Our findings provide practical implications for portfolio management and forecast modelling. For example, investors can shift investment allocation across asset classes during crises in such a way as to minimize the risk to their portfolio investment against changes in market sentiment. In addition, volatility modeling and forecasting during crises can use our findings concerning the relationship between sentiment and volatility. Our findings could be extended by studying the outcome of sentiment on volatility and the subsequent returns. In particular, future studies could compare the risk‐premium of sentiment on different asset classes during normal periods and times of crisis.

AUTHOR CONTRIBUTION

Hussein Abdoh: formal analysis; validation; writing – original draft; writing – review & editing.

APPENDIX A.

See Figure A1

Figure A1.

Aruoba–Diebold–Scotti business conditions index. Shading shows NBER‐dated recessions. Federal Reserve Bank of Philadelphia.

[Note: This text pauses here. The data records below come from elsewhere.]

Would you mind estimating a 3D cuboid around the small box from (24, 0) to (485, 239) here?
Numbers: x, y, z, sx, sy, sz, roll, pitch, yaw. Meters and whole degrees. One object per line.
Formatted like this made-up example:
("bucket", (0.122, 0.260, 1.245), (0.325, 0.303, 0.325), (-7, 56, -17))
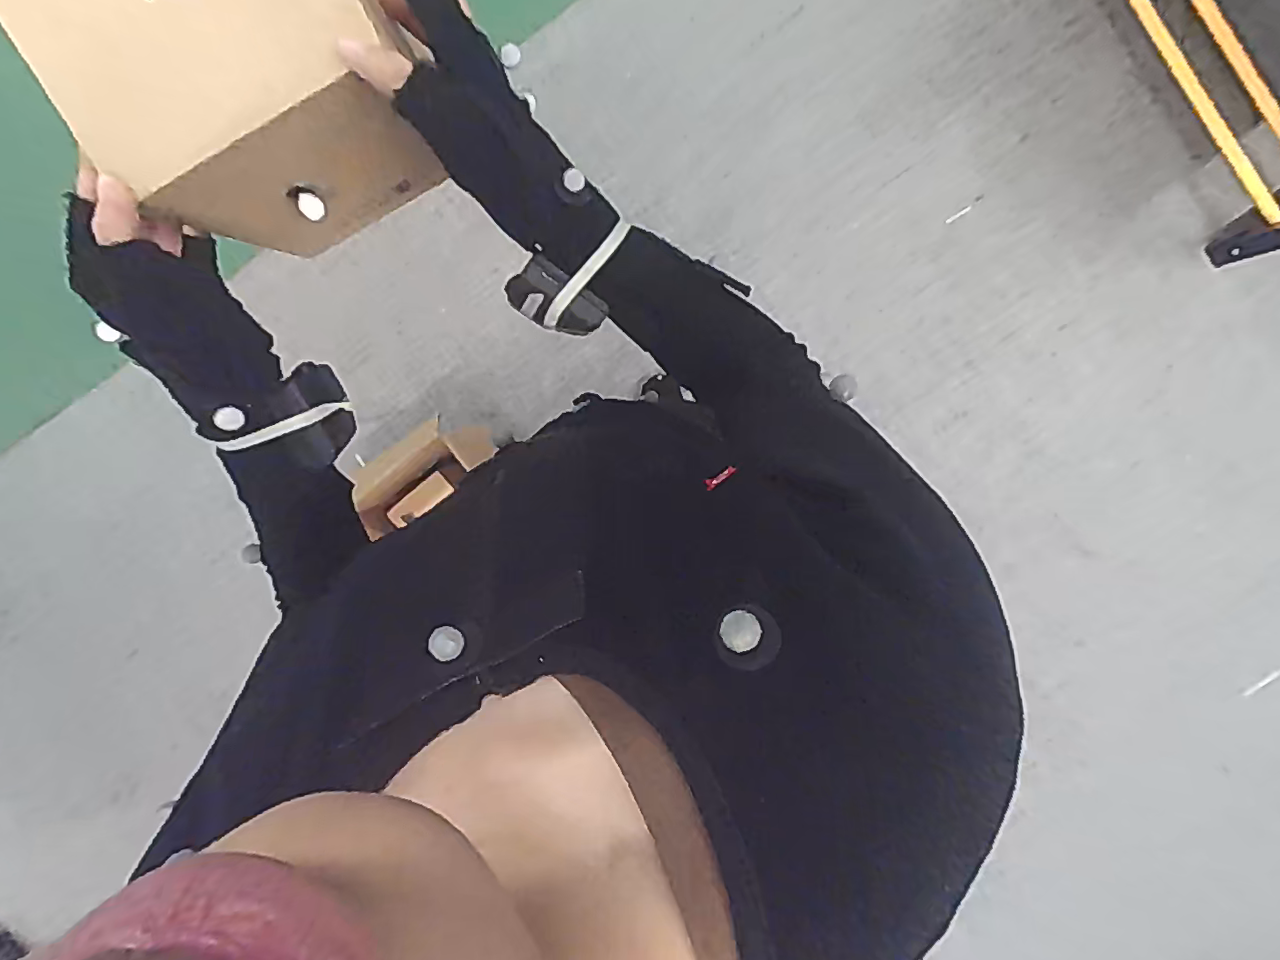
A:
("small box", (-0.227, -0.277, 0.347), (0.168, 0.176, 0.179), (-27, 102, 6))
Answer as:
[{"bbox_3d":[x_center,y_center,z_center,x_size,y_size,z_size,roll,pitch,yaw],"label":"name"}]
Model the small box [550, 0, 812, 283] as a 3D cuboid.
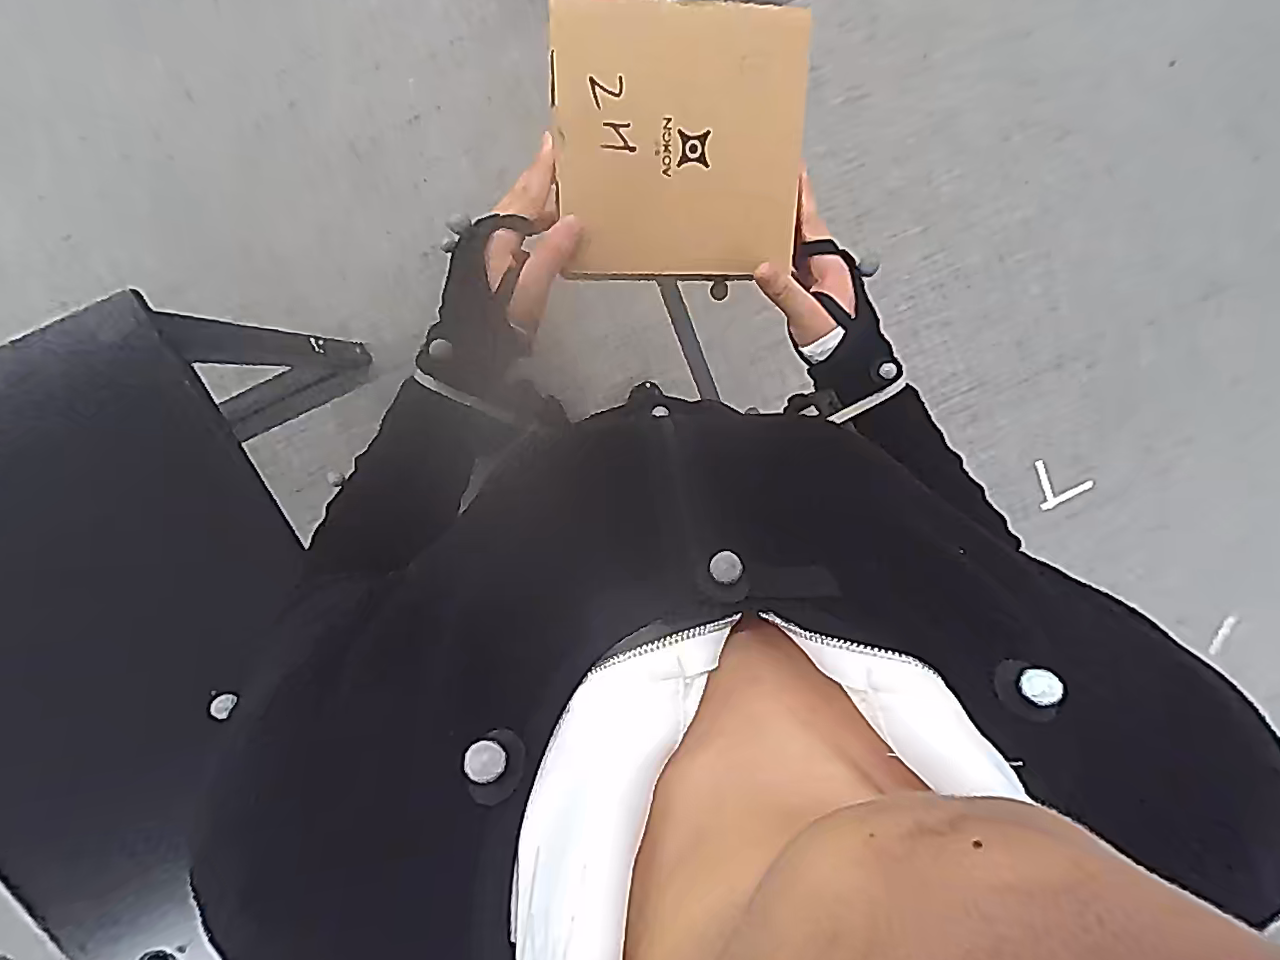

Maghyereh, A. , Abdoh, H. (2022). Global financial crisis versus COVID‐19: Evidence from sentiment analysis. International Finance, 1–31. 10.1111/infi.12412

DATA AVAILABILITY STATEMENT

All data are obtained via individual data channels, such as the Thomson Reuters Datastream database and Federal Reserve Bank of San Francisco. The models and data analysis are applied through computer software, such as MATLAB, R and Stata. All data and codes will be available from the authors upon request.